Since no single layout works for all queries, we also store reshaped data in multiple sorted formats—trading a bit more storage for much faster access. One OEM, for example, was able to go from calculating a key attribute on just 1,000 VINs per week to over 400,000 VINs per day using this approach.
Data Deduplication
Vehicle data often arrives with duplicates—thanks to retries, noise in the pipeline, or overlapping exports. There are two ways to handle this.
One option is to ignore duplicates during analysis—fine when they’re rare. But you can’t know that without first checking, and counting duplicates is nearly as expensive as removing them.

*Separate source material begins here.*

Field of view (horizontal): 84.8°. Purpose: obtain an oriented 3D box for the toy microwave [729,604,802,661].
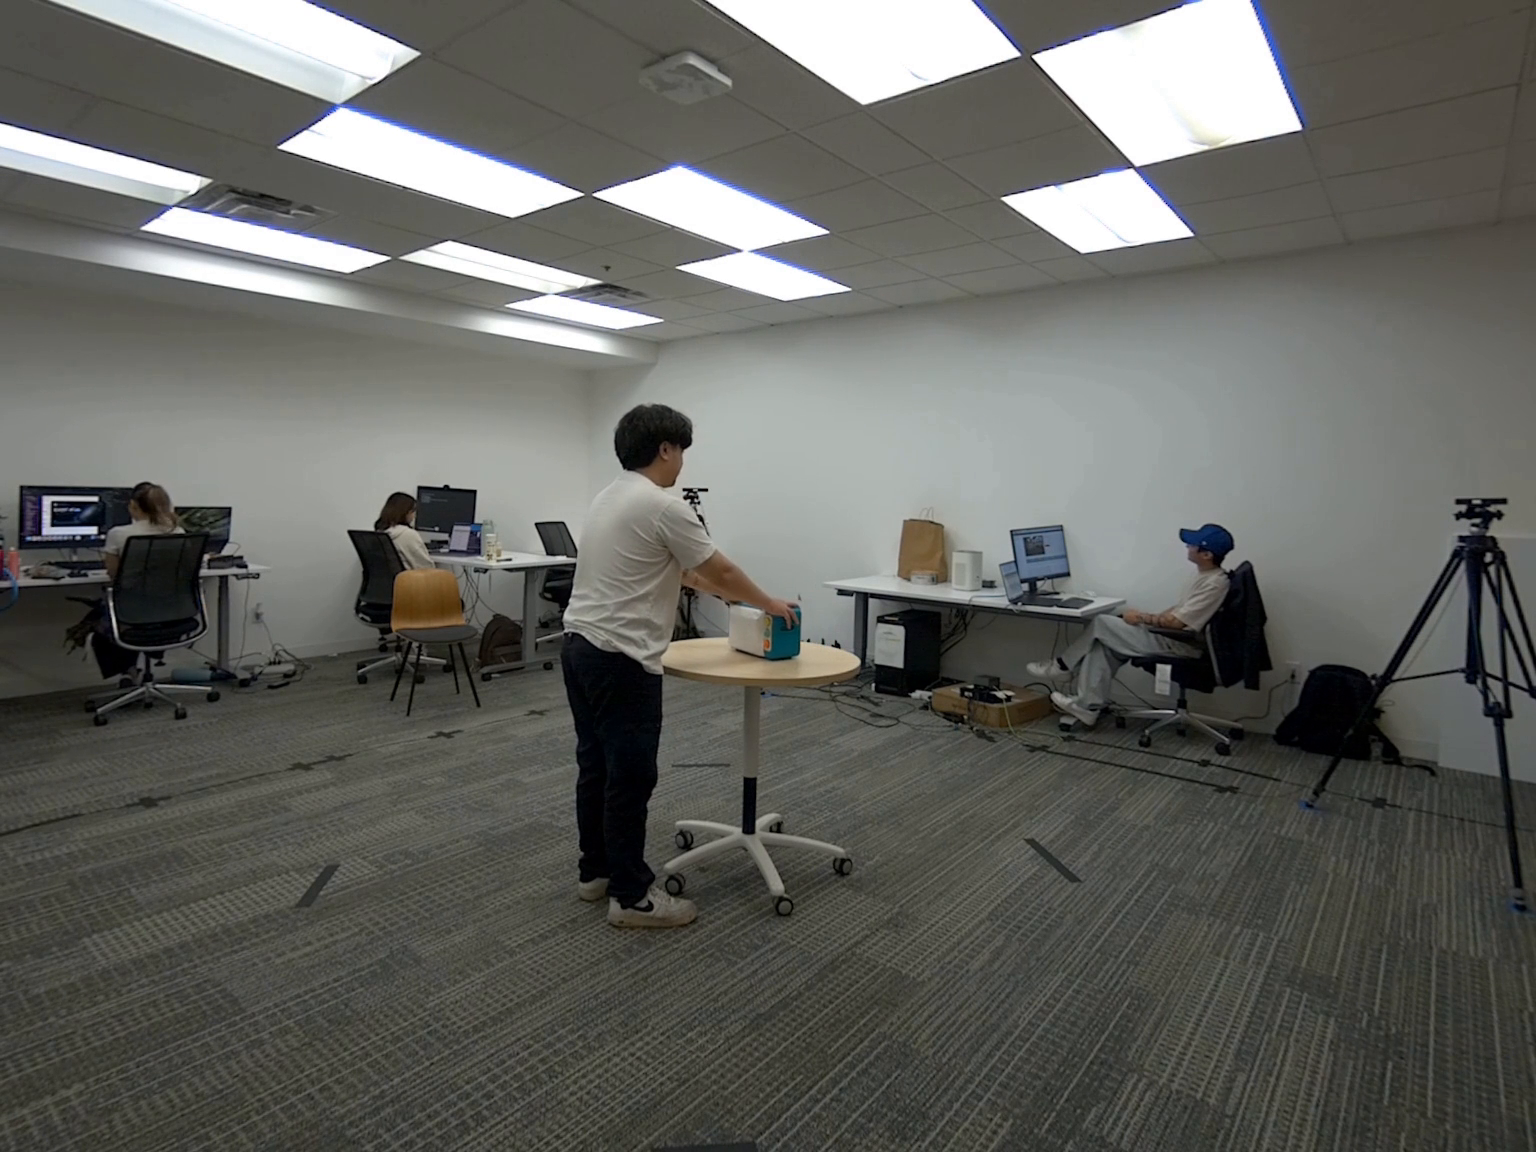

The better option—and the one we use—is to deduplicate data during ingestion. Once the data is reshaped, this becomes a tractable problem, and the payoff is worth it: a cleaner, more reliable pipeline.
An added bonus of our ingestion logic is a substantial increase in user-friendliness. For example, when we are receiving data exports from customers and not pulling it from telematics systems, customers can be quite lenient with what they upload. Following the “upload a bit too much just in case” mentality is perfectly fine when data deduplication is in place.
Data Enrichment
The final major transformation step is enrichment—merging in external data or deriving features that are critical for analysis. Technically, this could happen later, but doing it at ingestion time saves time, compute, and unnecessary data duplication.
For example, we might extract keywords from technician repair notes or cluster customer complaint symptoms using NLP. On the telematics side, we augment DTCs with “freeze frame” features like odometer and engine hours at the moment of the fault—critical context for downstream queries and our AI algorithms to detect, diagnose, and remediate systematic issues.
These enrichments could happen at runtime, but doing them once during ingestion often speeds up queries by 10x or more—especially since joins on these datasets are time-consuming because we are normally dealing with billions of data points.
Wrapping Up
Data ingestion isn’t just a preprocessing step—it’s the backbone of any scalable, cost-effective analytics pipeline. It sets the stage for every query, insight, and product decision that follows.
Building an ingestion pipeline takes time. It requires deep familiarity with the source data, the destination model, and the types of queries you plan to run.
But if your goal is rapid iteration, real-time insight, and engineering efficiency, shaping the data at the point of entry is not optional—it’s essential.